Issues of First Nations people who work off the territory were also discussed. Some have not had to pay the tax on some of their income. Canada Revenue Agency (CRA) is now saying those people need to pay all of that tax, which the First Nations person has previously said was non-taxable. This could be in the thousands of dollars owed. So since Six Nations declined to take the lead on taxation, Oneida did not want to see this item fall off the radar.


On language preservation, Kanehsata:ke announced they will host the first Language summit with Oneida. However a date is still be worked out. Kanehsata:ke asked that the other Iroquois Caucus communities contribute some funding to help with the organizing and hosting of the Language summit. No budget was proposed to date.

Kahnawake is preparing to host an Economic Development summit. It was suggested that all seven communities invest in a land based casino.

All Iroquois Caucus communities were to [look at] post-secondary education issues and do a survey (or a needs assessment) with our communities. Lack of funding for kindergarten, elementary, secondary and special needs students, for example. Truth and Reconciliation has a number of recommendations in its report on Education.
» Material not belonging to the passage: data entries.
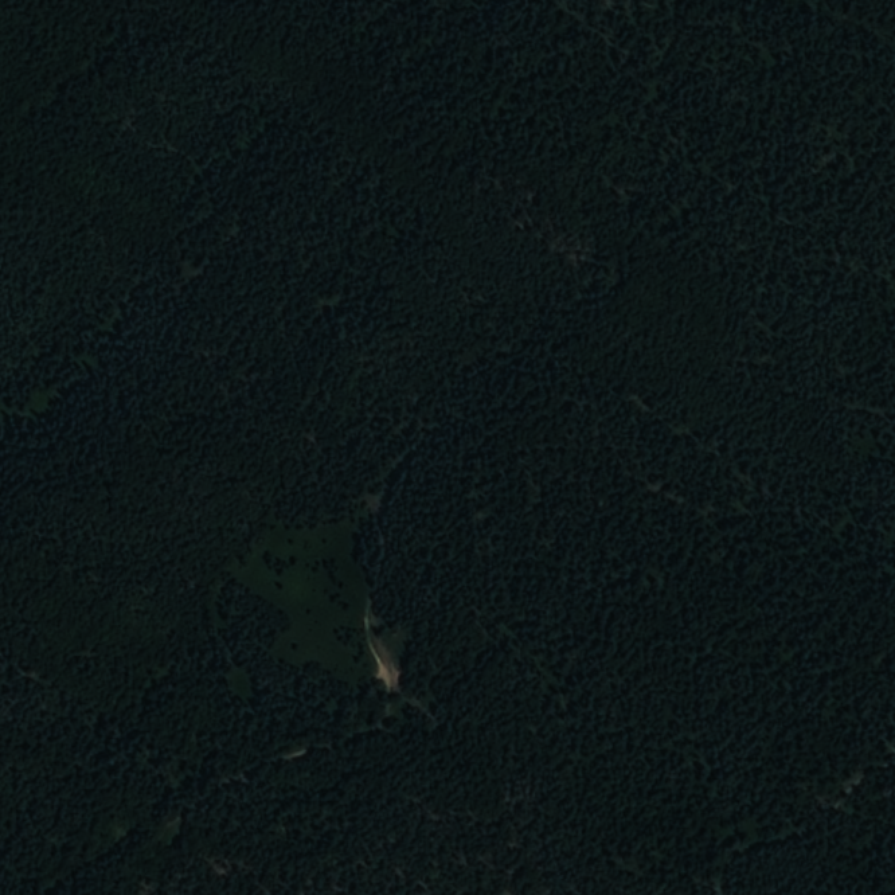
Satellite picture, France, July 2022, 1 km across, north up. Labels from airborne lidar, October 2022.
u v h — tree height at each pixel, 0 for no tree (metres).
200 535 20
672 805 20
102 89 12
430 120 15
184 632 12
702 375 22
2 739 22
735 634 14
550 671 6
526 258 21
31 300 7
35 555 24
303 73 22
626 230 22
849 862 18
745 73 15
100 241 9
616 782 17
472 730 19
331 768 25
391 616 20
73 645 15
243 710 21
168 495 22
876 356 11
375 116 18
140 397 26
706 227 14
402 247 26
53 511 9
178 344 31
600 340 16
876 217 19
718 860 32
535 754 16
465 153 18
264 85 10
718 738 12
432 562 16
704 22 14
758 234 16
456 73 25
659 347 19
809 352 21
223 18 17
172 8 15
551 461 8
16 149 14
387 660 0
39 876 24
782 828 27
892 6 10
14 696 16
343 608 10
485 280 26
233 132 21
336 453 16
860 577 11
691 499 18
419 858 17
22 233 19
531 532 19
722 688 19
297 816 8
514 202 23
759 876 17
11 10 18
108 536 18
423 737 16
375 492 18
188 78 16
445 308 19
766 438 15
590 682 29
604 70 9
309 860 23
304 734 13
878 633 19
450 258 23
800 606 17
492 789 21
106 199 13
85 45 16
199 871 20
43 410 0
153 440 17
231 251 19
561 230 22
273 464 17
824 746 8
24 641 21
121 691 25
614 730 19
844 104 18
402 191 21
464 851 16
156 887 6
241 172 12
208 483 20
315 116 22
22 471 28
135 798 20
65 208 17
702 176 26
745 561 21
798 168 12
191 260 14
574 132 17
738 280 24
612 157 12
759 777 24
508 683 24
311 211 16
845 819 28
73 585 21
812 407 14
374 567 25
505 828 21
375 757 20
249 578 0
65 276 7
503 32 17
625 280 21
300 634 0
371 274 26
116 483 15
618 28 13
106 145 14
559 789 22
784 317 19
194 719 17
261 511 20
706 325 18
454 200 12
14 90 15
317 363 16
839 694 20
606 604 17
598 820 22
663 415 20
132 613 19
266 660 21
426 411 9
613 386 23
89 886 22
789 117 7
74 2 19
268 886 21
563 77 23
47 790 24
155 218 11
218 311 13

It is still needed to set a date, set targets for each community to bring that info back to the Iroquois Caucus.

As per the Free Trade MOU, whereas section; each community signing the MOU must provide an accompany resolution from their duly elected councils. No community has these resolutions with them, so each community will need to address each council to gain an approved resolution to be submitted by them at the next Iroquois Caucus meeting. The official signing will take place at the next Iroquois Caucus.